[Data excerpts]
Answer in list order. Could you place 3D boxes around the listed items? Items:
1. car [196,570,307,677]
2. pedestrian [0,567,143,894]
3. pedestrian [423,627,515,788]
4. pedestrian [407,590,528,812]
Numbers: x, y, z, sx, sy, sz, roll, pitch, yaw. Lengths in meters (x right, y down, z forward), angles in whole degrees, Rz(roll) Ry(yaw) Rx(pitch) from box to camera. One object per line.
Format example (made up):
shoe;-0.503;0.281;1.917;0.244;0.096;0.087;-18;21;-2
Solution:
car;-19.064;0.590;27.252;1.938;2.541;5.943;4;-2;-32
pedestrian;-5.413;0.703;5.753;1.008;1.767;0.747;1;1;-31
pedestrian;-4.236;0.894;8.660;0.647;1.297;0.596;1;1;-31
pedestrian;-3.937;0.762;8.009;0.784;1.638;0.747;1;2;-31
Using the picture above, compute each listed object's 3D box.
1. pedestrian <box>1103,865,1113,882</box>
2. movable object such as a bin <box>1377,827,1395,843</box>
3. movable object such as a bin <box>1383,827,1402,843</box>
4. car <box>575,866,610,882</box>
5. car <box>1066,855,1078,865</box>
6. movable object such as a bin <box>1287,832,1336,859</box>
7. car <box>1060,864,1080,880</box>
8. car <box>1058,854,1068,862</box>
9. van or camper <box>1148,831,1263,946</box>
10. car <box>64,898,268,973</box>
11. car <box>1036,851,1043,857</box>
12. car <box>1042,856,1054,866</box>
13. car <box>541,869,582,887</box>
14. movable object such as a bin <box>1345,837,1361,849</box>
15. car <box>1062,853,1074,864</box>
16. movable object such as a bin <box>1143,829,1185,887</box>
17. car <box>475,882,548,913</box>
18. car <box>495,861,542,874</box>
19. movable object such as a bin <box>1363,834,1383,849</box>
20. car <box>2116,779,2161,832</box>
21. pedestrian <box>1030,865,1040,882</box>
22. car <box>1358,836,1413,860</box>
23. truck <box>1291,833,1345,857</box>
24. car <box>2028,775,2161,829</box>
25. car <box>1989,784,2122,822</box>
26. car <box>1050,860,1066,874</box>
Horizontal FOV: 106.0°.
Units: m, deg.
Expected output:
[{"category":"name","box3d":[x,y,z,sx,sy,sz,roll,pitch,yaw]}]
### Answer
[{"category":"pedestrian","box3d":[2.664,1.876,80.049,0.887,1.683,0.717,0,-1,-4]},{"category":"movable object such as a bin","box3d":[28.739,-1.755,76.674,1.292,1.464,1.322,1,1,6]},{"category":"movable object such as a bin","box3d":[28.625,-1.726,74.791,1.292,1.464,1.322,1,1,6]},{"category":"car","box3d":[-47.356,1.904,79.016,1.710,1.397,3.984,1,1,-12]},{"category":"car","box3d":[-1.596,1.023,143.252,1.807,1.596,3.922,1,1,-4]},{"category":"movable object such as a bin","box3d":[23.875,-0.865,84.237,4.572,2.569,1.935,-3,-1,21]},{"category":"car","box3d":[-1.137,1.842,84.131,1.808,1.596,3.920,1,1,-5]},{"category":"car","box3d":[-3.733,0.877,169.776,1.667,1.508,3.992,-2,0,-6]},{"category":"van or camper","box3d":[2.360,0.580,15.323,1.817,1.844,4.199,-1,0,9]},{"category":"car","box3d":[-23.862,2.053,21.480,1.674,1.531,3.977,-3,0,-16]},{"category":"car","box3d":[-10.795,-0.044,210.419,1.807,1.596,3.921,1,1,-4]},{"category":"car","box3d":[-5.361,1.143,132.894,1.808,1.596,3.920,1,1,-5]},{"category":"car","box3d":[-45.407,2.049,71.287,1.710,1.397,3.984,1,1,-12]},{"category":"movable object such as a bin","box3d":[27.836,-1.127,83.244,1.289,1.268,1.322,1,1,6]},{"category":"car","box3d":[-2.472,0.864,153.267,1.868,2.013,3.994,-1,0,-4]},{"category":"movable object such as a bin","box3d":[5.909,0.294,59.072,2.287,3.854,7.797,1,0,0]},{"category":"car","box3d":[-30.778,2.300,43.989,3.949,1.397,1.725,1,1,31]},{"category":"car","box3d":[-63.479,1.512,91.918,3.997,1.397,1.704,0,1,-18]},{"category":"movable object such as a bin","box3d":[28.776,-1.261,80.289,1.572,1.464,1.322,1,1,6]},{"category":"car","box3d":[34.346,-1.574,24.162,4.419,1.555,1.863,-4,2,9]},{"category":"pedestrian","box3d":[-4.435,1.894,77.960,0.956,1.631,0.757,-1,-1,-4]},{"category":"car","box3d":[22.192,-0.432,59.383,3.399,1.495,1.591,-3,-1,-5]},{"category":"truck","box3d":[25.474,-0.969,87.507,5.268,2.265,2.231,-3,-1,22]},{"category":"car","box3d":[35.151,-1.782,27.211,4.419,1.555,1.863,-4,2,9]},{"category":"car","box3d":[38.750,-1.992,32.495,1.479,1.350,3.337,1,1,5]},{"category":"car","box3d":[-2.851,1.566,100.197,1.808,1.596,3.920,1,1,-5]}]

__Your goal__: Determine the number of lines above holding the string "roll". Reply with it and nothing more.

__Solved exercise__: 2